Linux Journal Offers Artistic Immortality
In order to make it easier for users to evaluate and learn to use free software available on the Internet, Linux Journal will be changing our author contract to encourage authors to contribute articles to free software or free documentation projects after they have been published in Linux Journal.
Contributors already are taking advantage of the policy, which promises to help people browsing the Web for new free software to try. It will also keep documentation up to date. The option of contributing articles to free projects has been available to Linux Journal authors since its founding. It is now being added to the author contract to make it clear to all authors that the option is open to them.
Linux USB maintainer Greg Kroah-Hartman, who wrote a Linux Journal article on USB device drivers that was recently accepted into the Linux kernel source tree, said he is happy with the new policy. "It will allow projects to offer professional grade documentation directly with their software, making it easier for users to have access to it", he said. Kroah-Hartman recently began writing a new column on device drivers for Linux Journal, and he said plans to submit the columns as well. The USB article originally appeared in the October 2001 issue, and it is in the kernel as of version 2.5.3-pre6.
Keeping articles in software distribution channels will help keep them up to date, as people who modify the code can check and fix the relevant documentation at the same time. "If the software changes, the documentation must be updated to reflect these changes", Kroah-Hartman added. "This ensures that anyone who picks up the software package for the first time reads the correct information. If any user realizes that what they have read is different from what the software really does, they will instantly start to doubt all of the documentation."

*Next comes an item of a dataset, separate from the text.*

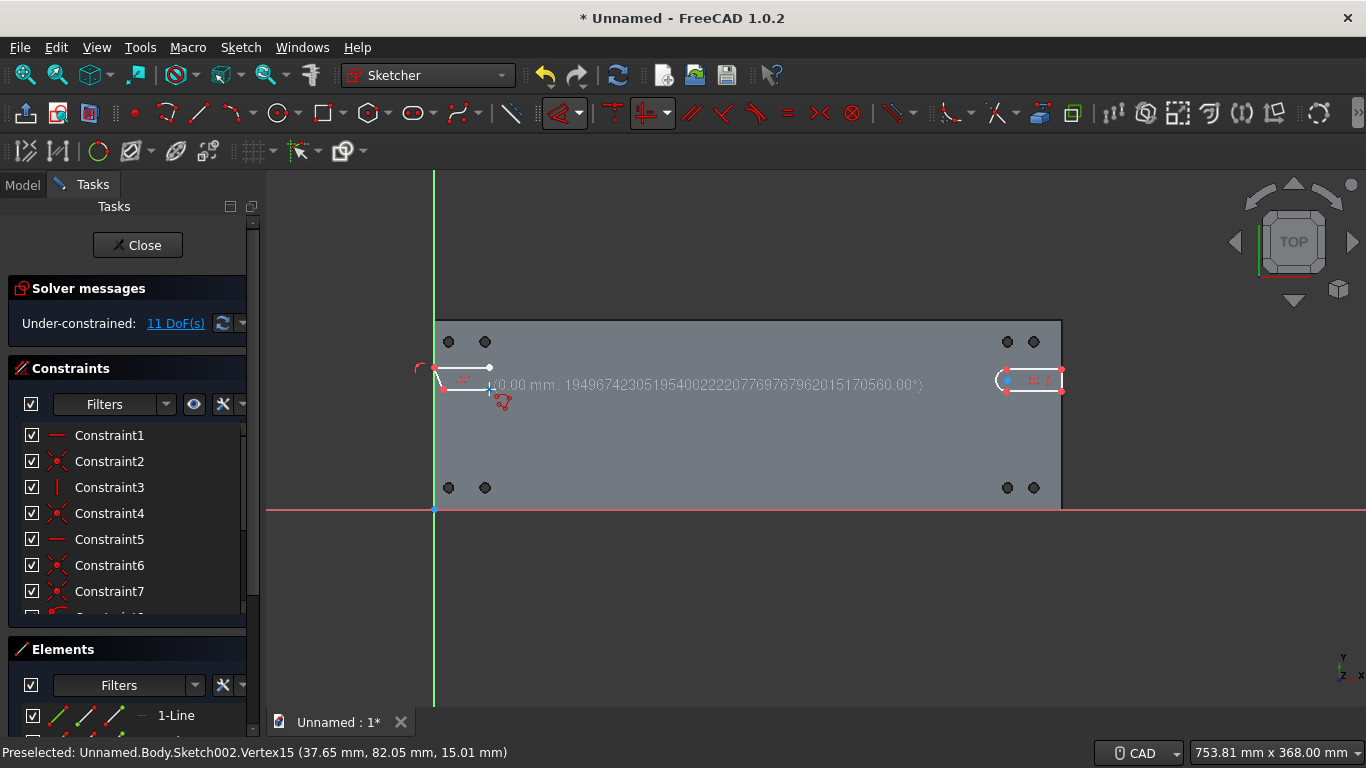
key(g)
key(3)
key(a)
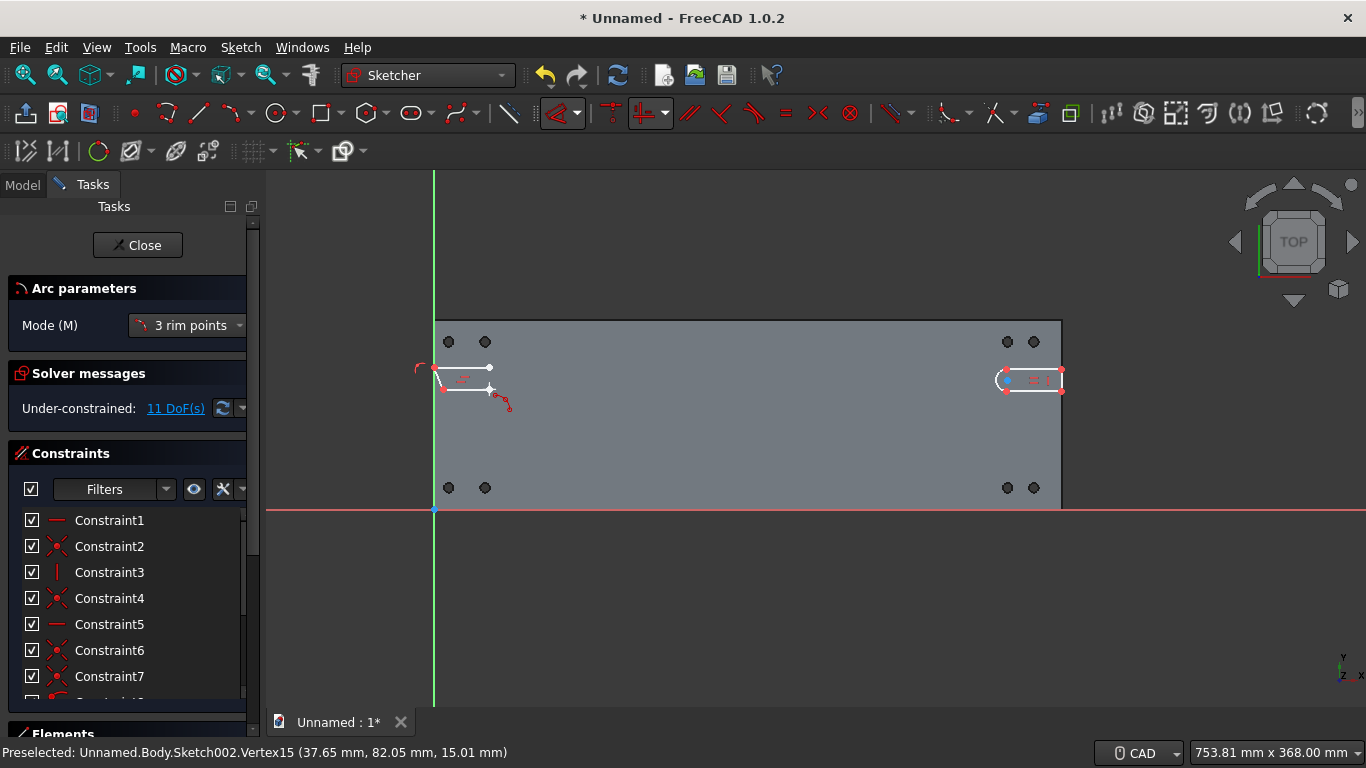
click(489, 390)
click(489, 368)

Nick Moffitt, who wrote the GAR software build system and the article "GAR: Automating Entire OS Builds", said that it is important to modify the bundled version of the article to match new functionality in the software. He writes:
Some major features of GAR have changed since I wrote the article from the May/June issue of Embedded Linux Journal. The GAR system now separates the notion of the compilation install directory (such as /home/rms/new_file_tree/) and the prefix (such as /usr or /). Because our software needs to know it has to look in /etc for config files when it runs, rather than /home/nick/build/etc/, this was extremely important.
But this also means that users and developers need to keep track of a new variable: $(DESTDIR). This single change has made a little more work for package maintainers, but it has improved the system's usefulness significantly. If the documentation were fixed in the pre-DESTDIR days, it could be devastatingly confusing and misleading to the user.
The only options in such a world would be to rewrite the documentation from scratch (a difficult task, especially if one needed to make the new documentation seem as different as possible from the original), ignore the documentation altogether (misleading the user) or abandon the project.
So much documentation is out of date these days, why bother deliberately creating this sorry state of affairs?
And, in answer to the question, "How will this help Artists?", Moffitt says:
"One of the reasons to produce Art is to ensure a sort of immortality. By allowing one's work to be kept relevant, this can be achieved. Richard Stallman hasn't written much code in gcc or gdb in a while, yet his contributions toward them would have been forgotten if he had not let others take the reins and keep them up to date. Per Cederqvist hasn't written much of the CVS documentation in years, yet it's still called "The Cederqvist Document".
"The ability to modify works provides a rich palette from which to construct new Art."
Don Marti is editor in chief of Linux Journal.